**Records shown:**
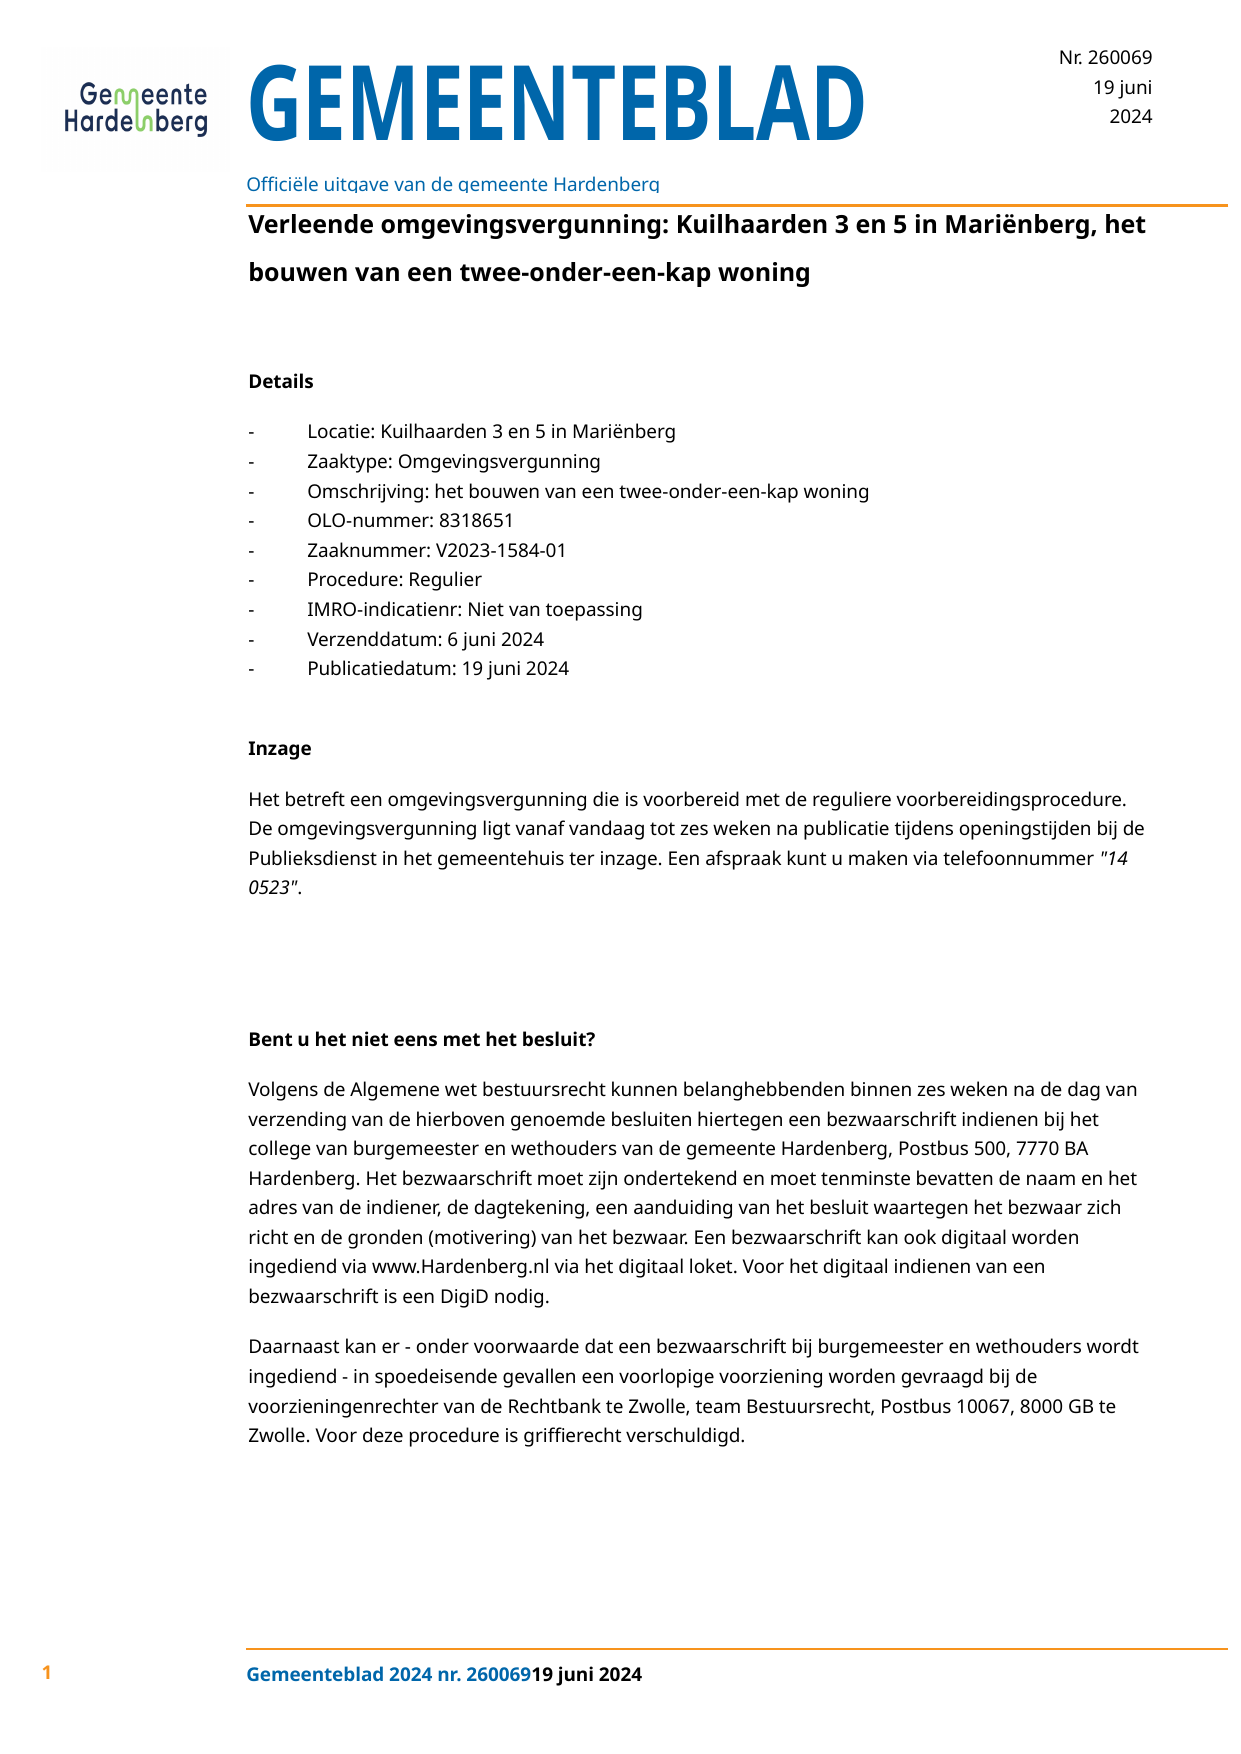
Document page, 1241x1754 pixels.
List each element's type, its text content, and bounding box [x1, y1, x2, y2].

list Zaaknummer: V2023-1584-01 [248, 537, 1152, 563]
picture [41, 47, 231, 172]
text Bent u het niet eens met het besluit? [248, 1026, 1152, 1052]
text Daarnaast kan er - onder voorwaarde dat een bezwaarschrift bij burgemeester en wethouders wordt ingediend - in spoedeisende gevallen een voorlopige voorziening worden gevraagd bij de voorzieningenrechter van de Rechtbank te Zwolle, team Bestuursrecht, Postbus 10067, 8000 GB te Zwolle. Voor deze procedure is griffierecht verschuldigd. [248, 1334, 1152, 1448]
list Omschrijving: het bouwen van een twee-onder-een-kap woning [248, 478, 1152, 504]
text Inzage [248, 735, 1152, 761]
list Locatie: Kuilhaarden 3 en 5 in Mariënberg [248, 419, 1152, 444]
text Details [248, 368, 1152, 394]
list OLO-nummer: 8318651 [248, 507, 1152, 533]
list Procedure: Regulier [248, 567, 1152, 592]
text Verleende omgevingsvergunning: Kuilhaarden 3 en 5 in Mariënberg, het bouwen van een twee-onder-een-kap woning [248, 207, 1152, 288]
list Publicatiedatum: 19 juni 2024 [248, 655, 1152, 681]
list IMRO-indicatienr: Niet van toepassing [248, 596, 1152, 622]
text Volgens de Algemene wet bestuursrecht kunnen belanghebbenden binnen zes weken na de dag van verzending van de hierboven genoemde besluiten hiertegen een bezwaarschrift indienen bij het college van burgemeester en wethouders van de gemeente Hardenberg, Postbus 500, 7770 BA Hardenberg. Het bezwaarschrift moet zijn ondertekend en moet tenminste bevatten de naam en het adres van de indiener, de dagtekening, een aanduiding van het besluit waartegen het bezwaar zich richt en de gronden (motivering) van het bezwaar. Een bezwaarschrift kan ook digitaal worden ingediend via www.Hardenberg.nl via het digitaal loket. Voor het digitaal indienen van een bezwaarschrift is een DigiD nodig. [248, 1076, 1152, 1309]
text Het betreft een omgevingsvergunning die is voorbereid met de reguliere voorbereidingsprocedure. De omgevingsvergunning ligt vanaf vandaag tot zes weken na publicatie tijdens openingstijden bij de Publieksdienst in het gemeentehuis ter inzage. Een afspraak kunt u maken via telefoonnummer "14 0523". [248, 786, 1152, 900]
list Verzenddatum: 6 juni 2024 [248, 626, 1152, 652]
list Zaaktype: Omgevingsvergunning [248, 448, 1152, 474]
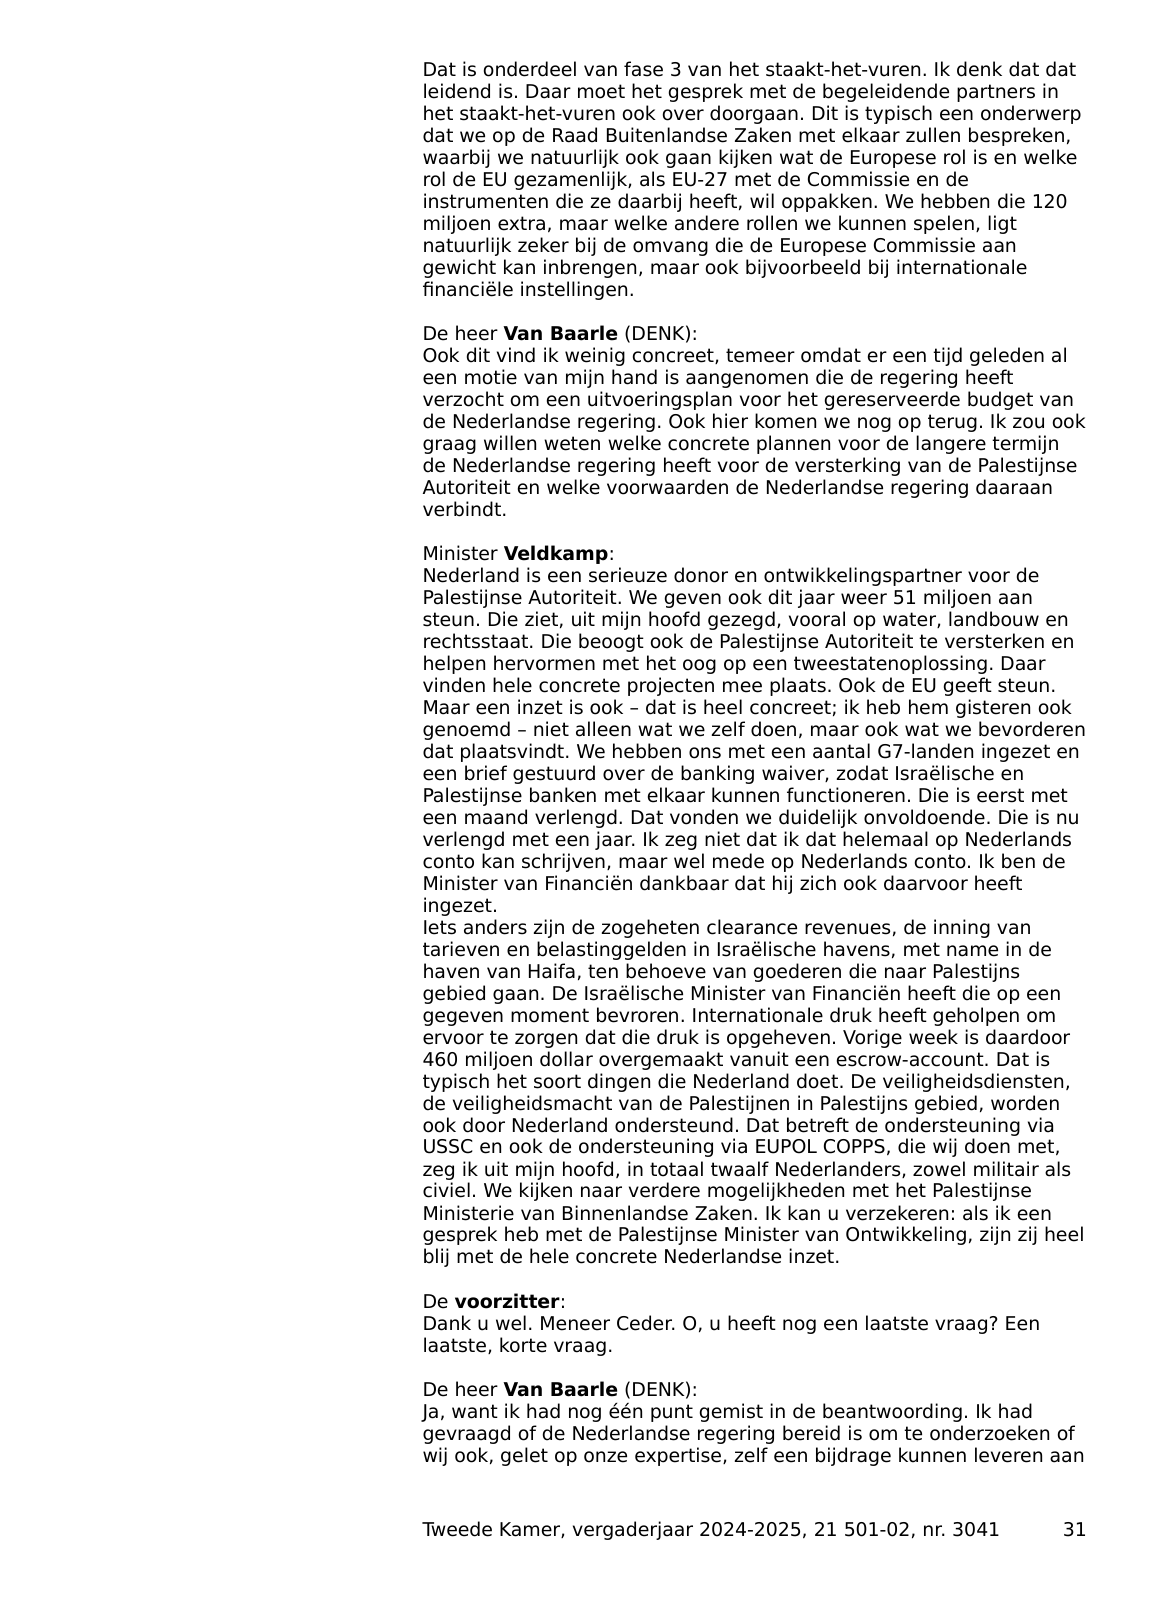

**Assignment:** Retype exactly the lines above, from the one with "list Zaaknummer: V2023-1584-01" through the one with "text Inzage [248, 735, 1152, 761]", inclusive.

**Answer box:**
list Zaaknummer: V2023-1584-01 [248, 537, 1152, 563]
picture [41, 47, 231, 172]
text Bent u het niet eens met het besluit? [248, 1026, 1152, 1052]
text Daarnaast kan er - onder voorwaarde dat een bezwaarschrift bij burgemeester en wethouders wordt ingediend - in spoedeisende gevallen een voorlopige voorziening worden gevraagd bij de voorzieningenrechter van de Rechtbank te Zwolle, team Bestuursrecht, Postbus 10067, 8000 GB te Zwolle. Voor deze procedure is griffierecht verschuldigd. [248, 1334, 1152, 1448]
list Omschrijving: het bouwen van een twee-onder-een-kap woning [248, 478, 1152, 504]
text Inzage [248, 735, 1152, 761]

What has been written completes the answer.